## Required action
Below is a block of entries; repeat exactly the lines starting at the line that contains "7. cardboard box (298, 233, 366, 313)" and ending at the line that contains "26. cardboard box (346, 228, 533, 416)", both included.

== Provided data

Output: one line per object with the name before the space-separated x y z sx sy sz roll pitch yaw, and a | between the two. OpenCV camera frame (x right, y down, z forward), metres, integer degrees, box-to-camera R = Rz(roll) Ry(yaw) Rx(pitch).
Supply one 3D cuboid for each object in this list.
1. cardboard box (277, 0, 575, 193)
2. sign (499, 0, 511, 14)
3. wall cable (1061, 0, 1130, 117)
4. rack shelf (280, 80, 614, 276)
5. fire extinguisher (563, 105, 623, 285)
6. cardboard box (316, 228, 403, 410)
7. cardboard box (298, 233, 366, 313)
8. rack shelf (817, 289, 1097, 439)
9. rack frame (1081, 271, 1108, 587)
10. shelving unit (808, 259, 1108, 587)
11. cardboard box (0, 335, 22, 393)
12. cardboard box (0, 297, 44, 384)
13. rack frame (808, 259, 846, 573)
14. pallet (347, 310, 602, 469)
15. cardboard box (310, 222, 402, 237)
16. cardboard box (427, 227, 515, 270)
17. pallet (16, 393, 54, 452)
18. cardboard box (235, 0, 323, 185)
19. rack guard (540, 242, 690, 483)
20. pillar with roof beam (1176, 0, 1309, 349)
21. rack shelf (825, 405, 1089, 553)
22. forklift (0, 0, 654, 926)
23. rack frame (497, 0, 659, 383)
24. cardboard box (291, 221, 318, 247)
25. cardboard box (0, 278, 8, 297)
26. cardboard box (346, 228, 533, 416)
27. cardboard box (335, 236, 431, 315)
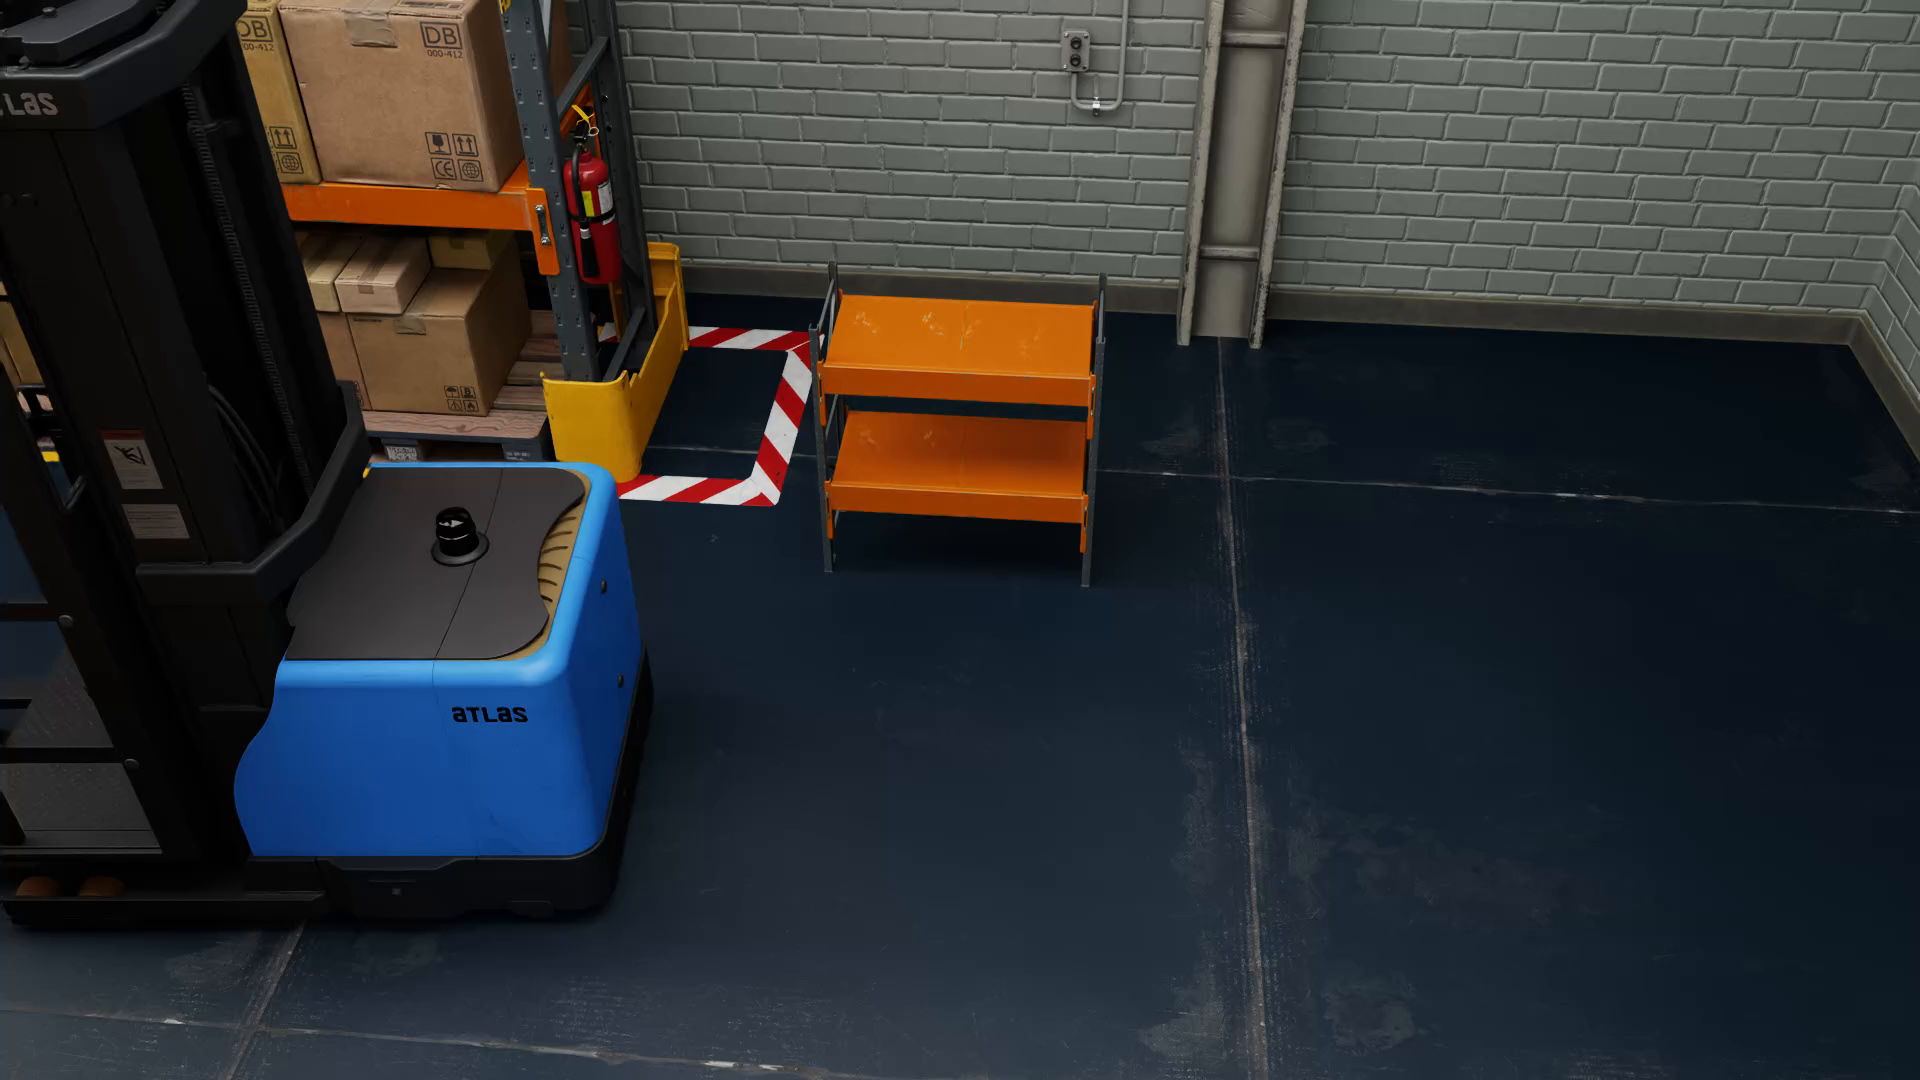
cardboard box | -2.031 -1.917 6.492 0.700 0.700 0.980 5 39 6
sign | -1.583 -1.980 5.701 0.005 0.325 0.100 3 39 4
wall cable | -0.165 -2.699 6.885 1.851 1.984 0.084 3 39 4
rack shelf | -3.515 -1.609 6.921 4.000 0.370 1.077 3 39 4
fire extinguisher | -1.412 -1.306 6.335 0.183 0.674 0.296 3 39 4
cardboard box | -2.727 -0.975 7.220 0.500 0.500 0.700 3 39 4
cardboard box | -2.626 -1.106 6.866 0.250 0.149 0.380 4 39 5
rack shelf | 0.007 -0.663 6.210 1.000 0.278 0.538 3 39 4
rack frame | 0.513 -0.408 6.360 0.032 1.125 0.500 3 39 4
shelving unit | 0.007 -0.436 6.394 1.048 1.125 0.538 3 39 4
cardboard box | -4.271 -1.056 7.319 0.500 0.500 0.700 3 39 3
cardboard box | -3.760 -1.027 7.283 0.500 0.500 0.700 4 39 5
rack frame | -0.500 -0.464 6.428 0.032 1.125 0.500 3 39 4
pallet | -2.325 -0.692 7.433 1.213 0.211 1.003 3 39 4
cardboard box | -2.591 -1.346 7.161 0.250 0.149 0.380 3 39 4
cardboard box | -2.086 -1.319 7.128 0.250 0.149 0.380 3 39 4
pallet | -3.537 -0.760 7.517 1.213 0.211 1.003 3 39 4
cardboard box | -2.757 -1.950 6.532 0.700 0.700 0.980 3 39 3
rack guard | -1.498 -0.809 7.347 0.348 0.500 1.175 3 39 4
pillar with roof beam | 0.871 -1.796 1.828 0.400 9.000 9.100 3 39 4
rack shelf | 0.007 -0.246 6.549 1.000 0.278 0.538 3 39 4
forklift | -2.609 -0.254 4.740 3.031 2.935 1.130 0 39 0
rack frame | -1.522 -1.779 6.560 0.127 3.000 1.000 3 39 4
cardboard box | -2.840 -1.360 7.178 0.250 0.149 0.380 3 39 4
cardboard box | -3.925 -1.175 6.951 0.250 0.149 0.380 2 39 3
cardboard box | -2.228 -0.948 7.186 0.500 0.500 0.700 3 39 4
cardboard box | -2.372 -1.092 6.849 0.250 0.149 0.380 3 39 3

====

## Output of the exercise
7. cardboard box (298, 233, 366, 313)
8. rack shelf (817, 289, 1097, 439)
9. rack frame (1081, 271, 1108, 587)
10. shelving unit (808, 259, 1108, 587)
11. cardboard box (0, 335, 22, 393)
12. cardboard box (0, 297, 44, 384)
13. rack frame (808, 259, 846, 573)
14. pallet (347, 310, 602, 469)
15. cardboard box (310, 222, 402, 237)
16. cardboard box (427, 227, 515, 270)
17. pallet (16, 393, 54, 452)
18. cardboard box (235, 0, 323, 185)
19. rack guard (540, 242, 690, 483)
20. pillar with roof beam (1176, 0, 1309, 349)
21. rack shelf (825, 405, 1089, 553)
22. forklift (0, 0, 654, 926)
23. rack frame (497, 0, 659, 383)
24. cardboard box (291, 221, 318, 247)
25. cardboard box (0, 278, 8, 297)
26. cardboard box (346, 228, 533, 416)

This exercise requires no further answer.